Molluscs from early late glacial times are joined by post-glacial species. 20,000 years ago was the last glacial maximum, followed by a brief period of elevated warmth with very rapid warming of 6 or 7 o in a period of decades to 100 years. This was followed by a period of cold then rapid warming to the present day. The interglacial megafuna in Britain dwindled early, with lion and rhinoceros disappearing 29,000 years ago, though mammoths lasted a little longer.
Radiocarbon dates on the Gully cave material show that the earliest fossils are consistent with the period of rapid warming just after the last glacial maximum. Horses disappear with the spread of birch woodland and red deer replace them. The fossils represent a beautiful complete group including the younger Dryas assembly. This is a unique record for Britain in its completeness.
Correlation with other sites
Gough’s Cave in Cheddar Gorge, in which human remains were found, has been dated at 12,600±80 to 12,415±60 BP, which correlates with the oldest Gully Cave material.
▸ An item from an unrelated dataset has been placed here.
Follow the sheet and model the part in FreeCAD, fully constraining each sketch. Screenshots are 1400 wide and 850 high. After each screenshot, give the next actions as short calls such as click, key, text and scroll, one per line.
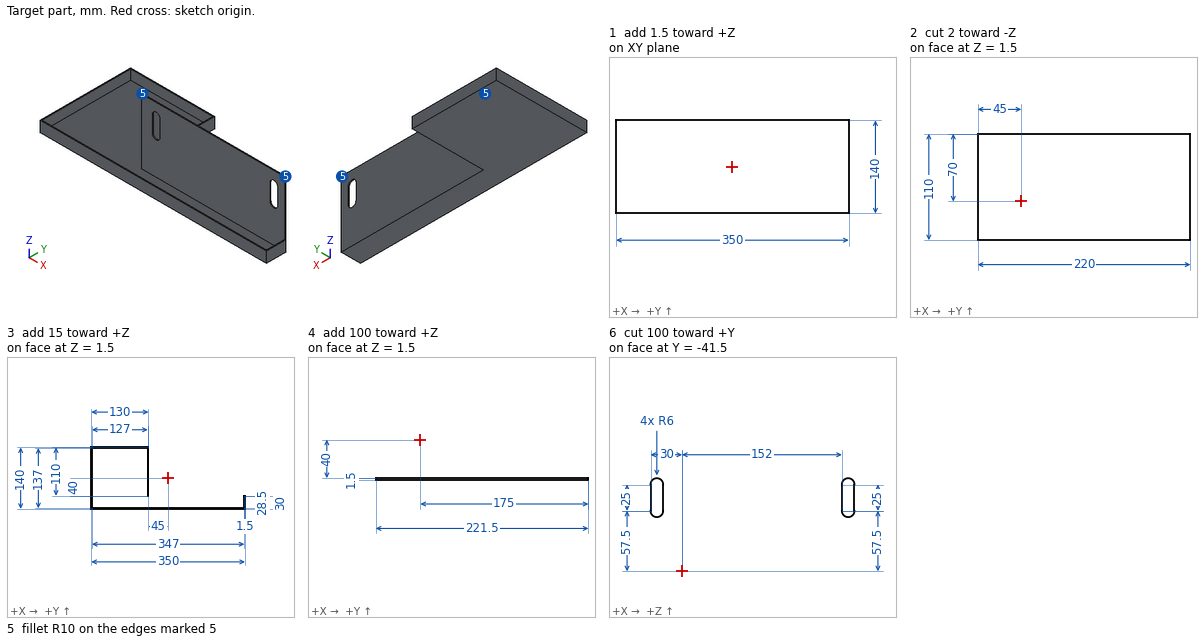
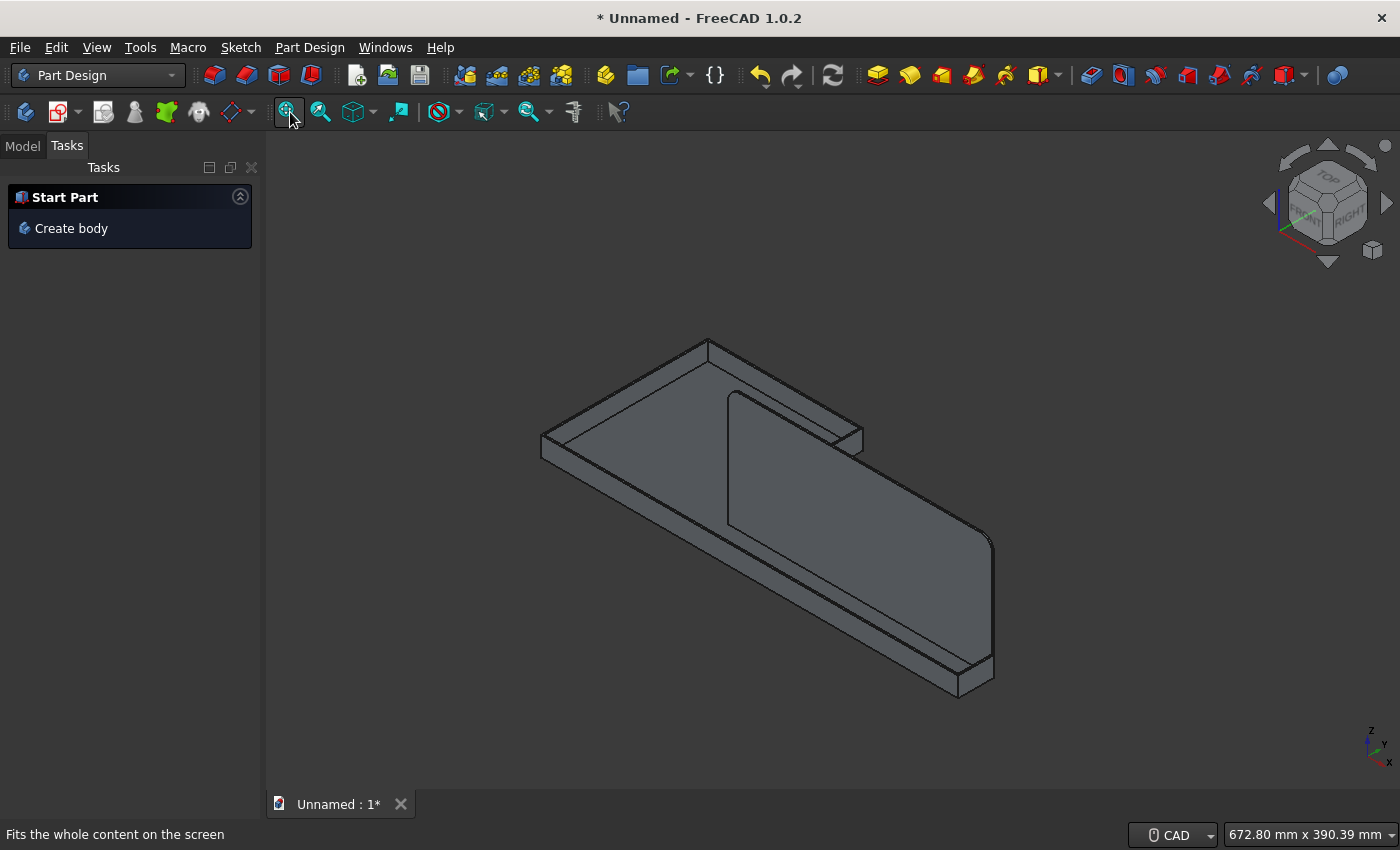
click(898, 553)

It has indications of selective predation on horse (90% of the fauna), red deer, mountain hare & lynx. Bones show similar staining and there are human tools, cut marks on bones and evidence of cannibalism in the cut-marked and butchered human remains.
Together with other sites, these indicate that occupation of south-west England by humans was consistent with the period of rapid warming. Sites around Cresswell Crags in Derbyshire were occupied slightly later and there is a transition from horse to mountain hare.
As already indicated, the faunas are a mixture of those still present in Britain and arctic or central Asian species. The question arises as to whether this reflects the presence of non-analogue disharmonious faunas or is due to a lack of resolution. Gully cave has, in fact, very high resolution and the evidence to date may support the theory of cryptic northern refugia, ie not everything retreated as the climate cooled but some continued in refugia in sheltered areas such as Ebbor Gorge. Sun Hole and Soldier’s Hole, also in the Mendips represent the same period as Gough’s Cave and have saiga antelopes.
Summary and future work
Gully Cave has a high-resolution palaeoenvironmental record through the late glacial period underpinned by a robust chronology.